By labeling independent news sites such as Liberty Blitzkrieg “fake news,” the mainstream press is simply trying to come up with any excuse possible to justify its historic failure, as well as promote censorship in a pathetic attempt to regain its former position of cultural influence. Unfortunately for them, this fabricated narrative has it all backwards.

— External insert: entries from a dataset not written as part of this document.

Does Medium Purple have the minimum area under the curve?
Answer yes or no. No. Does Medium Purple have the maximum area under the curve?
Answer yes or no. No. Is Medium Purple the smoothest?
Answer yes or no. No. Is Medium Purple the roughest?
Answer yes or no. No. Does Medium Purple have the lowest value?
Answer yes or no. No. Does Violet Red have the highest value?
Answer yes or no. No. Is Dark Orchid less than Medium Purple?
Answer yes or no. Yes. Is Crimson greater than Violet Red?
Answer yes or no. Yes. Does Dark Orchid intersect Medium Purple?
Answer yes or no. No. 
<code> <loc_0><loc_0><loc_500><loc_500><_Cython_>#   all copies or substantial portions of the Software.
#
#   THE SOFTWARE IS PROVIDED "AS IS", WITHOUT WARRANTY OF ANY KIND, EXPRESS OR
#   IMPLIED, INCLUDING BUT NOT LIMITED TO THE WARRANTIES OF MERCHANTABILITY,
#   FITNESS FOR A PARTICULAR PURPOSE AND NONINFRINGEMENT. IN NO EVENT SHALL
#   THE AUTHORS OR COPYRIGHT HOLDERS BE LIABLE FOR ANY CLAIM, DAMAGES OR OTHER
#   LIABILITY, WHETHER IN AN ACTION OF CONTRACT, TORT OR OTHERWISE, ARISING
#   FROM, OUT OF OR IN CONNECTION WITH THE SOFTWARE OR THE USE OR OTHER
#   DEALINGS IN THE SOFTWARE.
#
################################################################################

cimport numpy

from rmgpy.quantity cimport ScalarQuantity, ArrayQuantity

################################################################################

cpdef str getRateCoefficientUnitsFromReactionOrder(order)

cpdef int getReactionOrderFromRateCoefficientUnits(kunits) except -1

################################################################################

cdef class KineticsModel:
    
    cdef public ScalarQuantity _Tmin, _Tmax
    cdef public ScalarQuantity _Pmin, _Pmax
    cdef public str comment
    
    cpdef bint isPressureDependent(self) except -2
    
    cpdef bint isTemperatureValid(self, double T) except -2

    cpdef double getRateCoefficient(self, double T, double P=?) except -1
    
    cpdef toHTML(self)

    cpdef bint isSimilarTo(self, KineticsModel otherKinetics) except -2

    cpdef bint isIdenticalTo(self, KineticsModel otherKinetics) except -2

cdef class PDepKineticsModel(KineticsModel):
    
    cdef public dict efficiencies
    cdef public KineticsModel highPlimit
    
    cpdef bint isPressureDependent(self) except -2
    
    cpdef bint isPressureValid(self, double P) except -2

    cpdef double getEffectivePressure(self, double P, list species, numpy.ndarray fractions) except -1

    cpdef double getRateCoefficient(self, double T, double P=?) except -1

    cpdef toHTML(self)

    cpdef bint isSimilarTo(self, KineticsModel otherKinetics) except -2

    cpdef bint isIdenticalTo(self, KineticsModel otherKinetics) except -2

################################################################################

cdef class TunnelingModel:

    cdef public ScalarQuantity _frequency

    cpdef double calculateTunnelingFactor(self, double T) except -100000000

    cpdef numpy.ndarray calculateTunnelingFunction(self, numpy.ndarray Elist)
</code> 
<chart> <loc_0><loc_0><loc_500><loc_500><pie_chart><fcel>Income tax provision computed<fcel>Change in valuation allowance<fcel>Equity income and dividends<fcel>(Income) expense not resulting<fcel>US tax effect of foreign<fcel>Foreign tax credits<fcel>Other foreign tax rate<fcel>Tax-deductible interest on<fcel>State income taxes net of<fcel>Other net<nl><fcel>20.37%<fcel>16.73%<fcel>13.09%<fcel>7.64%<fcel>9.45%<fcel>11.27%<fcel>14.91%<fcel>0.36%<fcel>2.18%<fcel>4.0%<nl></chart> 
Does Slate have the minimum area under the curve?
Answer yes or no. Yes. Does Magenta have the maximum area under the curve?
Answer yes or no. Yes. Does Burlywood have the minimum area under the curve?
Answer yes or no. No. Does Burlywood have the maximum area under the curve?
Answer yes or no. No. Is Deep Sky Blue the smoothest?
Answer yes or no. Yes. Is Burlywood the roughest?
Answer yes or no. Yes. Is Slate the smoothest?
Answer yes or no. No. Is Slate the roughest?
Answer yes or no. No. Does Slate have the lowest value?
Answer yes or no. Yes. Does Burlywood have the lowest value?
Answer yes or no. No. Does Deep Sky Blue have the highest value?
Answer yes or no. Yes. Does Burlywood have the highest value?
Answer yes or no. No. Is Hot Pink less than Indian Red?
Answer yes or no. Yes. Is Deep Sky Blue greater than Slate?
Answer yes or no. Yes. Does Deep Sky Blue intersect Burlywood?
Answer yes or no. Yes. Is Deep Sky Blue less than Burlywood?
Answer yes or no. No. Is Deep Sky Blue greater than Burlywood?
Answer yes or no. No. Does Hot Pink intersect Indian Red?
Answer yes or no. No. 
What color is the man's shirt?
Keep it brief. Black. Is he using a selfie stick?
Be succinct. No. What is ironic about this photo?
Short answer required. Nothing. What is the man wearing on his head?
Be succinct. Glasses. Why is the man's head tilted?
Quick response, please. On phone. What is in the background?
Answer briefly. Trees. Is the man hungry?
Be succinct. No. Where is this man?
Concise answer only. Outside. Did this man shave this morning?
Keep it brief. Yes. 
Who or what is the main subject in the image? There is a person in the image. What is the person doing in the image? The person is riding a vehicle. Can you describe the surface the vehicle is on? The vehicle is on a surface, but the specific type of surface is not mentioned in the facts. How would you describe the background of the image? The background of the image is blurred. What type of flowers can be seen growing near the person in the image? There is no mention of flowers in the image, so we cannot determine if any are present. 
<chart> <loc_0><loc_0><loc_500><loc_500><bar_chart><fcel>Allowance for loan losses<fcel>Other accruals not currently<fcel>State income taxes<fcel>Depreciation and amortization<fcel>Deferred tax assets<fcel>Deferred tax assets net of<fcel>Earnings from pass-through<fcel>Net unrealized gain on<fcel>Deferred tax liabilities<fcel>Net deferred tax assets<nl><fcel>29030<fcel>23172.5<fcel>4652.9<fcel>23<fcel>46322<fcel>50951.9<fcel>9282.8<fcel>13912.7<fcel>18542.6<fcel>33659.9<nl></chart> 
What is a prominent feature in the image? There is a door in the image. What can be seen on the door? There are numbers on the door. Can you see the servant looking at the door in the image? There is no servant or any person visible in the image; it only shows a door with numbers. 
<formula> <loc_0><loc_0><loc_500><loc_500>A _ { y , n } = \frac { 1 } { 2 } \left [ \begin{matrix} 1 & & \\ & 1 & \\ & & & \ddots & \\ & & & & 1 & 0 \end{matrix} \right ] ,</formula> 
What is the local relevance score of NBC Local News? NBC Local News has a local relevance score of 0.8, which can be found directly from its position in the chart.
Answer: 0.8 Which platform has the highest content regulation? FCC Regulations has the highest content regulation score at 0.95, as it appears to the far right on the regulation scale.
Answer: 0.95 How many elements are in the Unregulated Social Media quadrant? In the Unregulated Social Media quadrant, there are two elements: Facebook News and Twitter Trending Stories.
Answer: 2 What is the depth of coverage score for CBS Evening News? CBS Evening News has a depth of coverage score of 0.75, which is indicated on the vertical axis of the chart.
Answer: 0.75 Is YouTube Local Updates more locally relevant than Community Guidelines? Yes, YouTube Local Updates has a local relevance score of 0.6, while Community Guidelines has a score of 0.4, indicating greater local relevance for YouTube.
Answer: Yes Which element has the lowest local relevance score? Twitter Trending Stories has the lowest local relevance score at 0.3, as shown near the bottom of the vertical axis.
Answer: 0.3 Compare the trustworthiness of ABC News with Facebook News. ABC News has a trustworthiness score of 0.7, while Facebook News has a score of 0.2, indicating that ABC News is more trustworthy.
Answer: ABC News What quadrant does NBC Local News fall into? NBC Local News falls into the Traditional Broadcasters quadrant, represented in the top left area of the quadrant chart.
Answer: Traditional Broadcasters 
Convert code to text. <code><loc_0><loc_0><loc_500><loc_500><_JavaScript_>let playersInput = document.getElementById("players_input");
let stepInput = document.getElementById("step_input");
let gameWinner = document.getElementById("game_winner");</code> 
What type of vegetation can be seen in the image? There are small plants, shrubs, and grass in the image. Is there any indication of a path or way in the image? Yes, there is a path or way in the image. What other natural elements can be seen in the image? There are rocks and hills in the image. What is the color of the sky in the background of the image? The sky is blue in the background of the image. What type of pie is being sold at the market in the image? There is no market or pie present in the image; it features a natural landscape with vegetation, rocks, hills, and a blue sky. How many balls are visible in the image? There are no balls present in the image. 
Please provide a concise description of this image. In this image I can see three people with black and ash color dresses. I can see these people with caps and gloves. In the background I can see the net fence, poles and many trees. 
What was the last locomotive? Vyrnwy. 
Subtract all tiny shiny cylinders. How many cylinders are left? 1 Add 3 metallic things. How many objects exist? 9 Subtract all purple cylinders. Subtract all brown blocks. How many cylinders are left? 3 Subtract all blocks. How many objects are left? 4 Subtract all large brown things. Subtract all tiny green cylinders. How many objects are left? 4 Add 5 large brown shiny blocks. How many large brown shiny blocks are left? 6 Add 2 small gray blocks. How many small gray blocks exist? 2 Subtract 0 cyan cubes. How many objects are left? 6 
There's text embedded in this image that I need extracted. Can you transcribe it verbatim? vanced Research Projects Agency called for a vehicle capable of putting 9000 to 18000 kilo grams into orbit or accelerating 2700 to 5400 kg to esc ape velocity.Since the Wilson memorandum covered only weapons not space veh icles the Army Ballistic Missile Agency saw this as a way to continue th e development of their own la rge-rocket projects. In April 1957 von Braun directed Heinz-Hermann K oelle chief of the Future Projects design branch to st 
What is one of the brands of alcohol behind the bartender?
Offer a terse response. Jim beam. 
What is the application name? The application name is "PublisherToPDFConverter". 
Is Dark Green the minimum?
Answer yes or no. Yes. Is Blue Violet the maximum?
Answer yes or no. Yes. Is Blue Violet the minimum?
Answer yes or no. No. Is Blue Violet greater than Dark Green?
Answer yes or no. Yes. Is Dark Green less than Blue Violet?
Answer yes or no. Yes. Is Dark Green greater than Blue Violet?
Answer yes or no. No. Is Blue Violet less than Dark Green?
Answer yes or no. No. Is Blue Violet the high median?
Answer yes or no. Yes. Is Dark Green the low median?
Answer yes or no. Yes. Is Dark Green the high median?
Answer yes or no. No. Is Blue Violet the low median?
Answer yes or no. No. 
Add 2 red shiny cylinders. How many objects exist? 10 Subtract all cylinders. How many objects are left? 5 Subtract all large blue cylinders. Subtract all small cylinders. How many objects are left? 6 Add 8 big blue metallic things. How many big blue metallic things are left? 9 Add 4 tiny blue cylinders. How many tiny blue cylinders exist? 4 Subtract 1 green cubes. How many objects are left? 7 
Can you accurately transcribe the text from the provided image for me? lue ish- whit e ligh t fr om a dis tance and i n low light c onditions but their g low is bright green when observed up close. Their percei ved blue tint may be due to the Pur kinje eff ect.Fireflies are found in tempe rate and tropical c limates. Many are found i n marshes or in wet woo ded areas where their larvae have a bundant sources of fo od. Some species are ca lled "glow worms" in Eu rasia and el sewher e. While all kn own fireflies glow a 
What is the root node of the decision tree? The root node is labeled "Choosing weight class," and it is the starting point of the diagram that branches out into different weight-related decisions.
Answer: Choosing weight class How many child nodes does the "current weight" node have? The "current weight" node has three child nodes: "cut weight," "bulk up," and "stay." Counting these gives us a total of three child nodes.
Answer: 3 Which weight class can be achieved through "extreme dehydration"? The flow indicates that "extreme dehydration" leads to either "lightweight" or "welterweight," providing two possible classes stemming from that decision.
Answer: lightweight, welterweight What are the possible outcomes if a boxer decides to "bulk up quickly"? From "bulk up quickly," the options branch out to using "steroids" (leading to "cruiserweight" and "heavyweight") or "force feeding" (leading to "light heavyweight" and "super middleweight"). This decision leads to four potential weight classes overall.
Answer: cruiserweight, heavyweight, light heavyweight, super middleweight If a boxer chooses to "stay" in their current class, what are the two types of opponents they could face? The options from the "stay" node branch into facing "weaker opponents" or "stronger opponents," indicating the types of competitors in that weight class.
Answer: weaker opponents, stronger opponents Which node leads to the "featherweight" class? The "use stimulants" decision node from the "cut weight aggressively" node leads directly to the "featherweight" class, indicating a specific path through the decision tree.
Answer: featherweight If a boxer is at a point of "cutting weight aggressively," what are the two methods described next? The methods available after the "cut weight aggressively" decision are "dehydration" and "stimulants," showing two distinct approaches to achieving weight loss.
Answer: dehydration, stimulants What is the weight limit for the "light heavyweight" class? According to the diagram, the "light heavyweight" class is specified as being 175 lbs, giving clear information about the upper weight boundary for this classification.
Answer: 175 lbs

The press' disconnect, it's contempt, for the American public isn't new, but the last election puts it in stark contrast.   The press used the election as an exercise to try to shame the American people into voting for Hillary!   If you voiced support for Trump you were deplorable, and irredeemable.  You were labelled a sucker falling for an obvious con by a huckster. 

Meanwhile ...

The America you lived in had race relations rubbed raw.  The America you lived in was shipping jobs overseas as fast as corporate CEOs could find factory space in Mexico or China.  The America you lived in had universities where Far Left ideological conformity was strictly enforced and males were branded as rapists for existing.   The America you lived in had sky-high gas prices while the government was doing its best to keep vast areas of land off-limits for exploration.  The America you lived in had food prices rising daily but your paycheck was stuck at zero growth.  The America you lived was giving up its leadership status in the world while it's President was telling you to get off your high horse because of the Crusades.   The America you lived in got warm in the summer and cold in the winter and sea levels were pretty much where they had been all your life, but the newspapers were screaming that the earth was drowning ... and it was your fault..  

In an alternative universe the press was telling you that you never had it so good thanks to the wise policies of its leaders ... and if you disagree you're racist.  That race relations where great except for those racist cops out killing innocent young black men who had their hands up begging the cops "don't shoot."  That America was great, had always been great so "Make America Great Again" is stupid slogan, or ... America was never great and doesn't deserve to be great because slavery; pick one.  The press was telling you to vote for Hillary because she has lady parts and that's critically important.  That Trump is Hitler and voting for him made you a Nazi.  The press was dutifully reporting Obama's claim that America had never been more respected in the world, Obama killed Osama and that ISIS was on the run.  In that universe the State of the Union was never better, jobs were being created at a record pace and unemployment had never been so low.  

After the election the press was telling you that Trump won - not because you wanted change - but because the FBI, because of "fake news," and that Putin "hacked" the election. 

I confidently predict that the editors of the Virginian Pilot will look at the graphic above and congratulate themselves on their wisdom.  They will see no disconnect between the press and the public because to them, the public are poor, stupid, uneducated rubes who need to be led by their betters.  And they are your betters.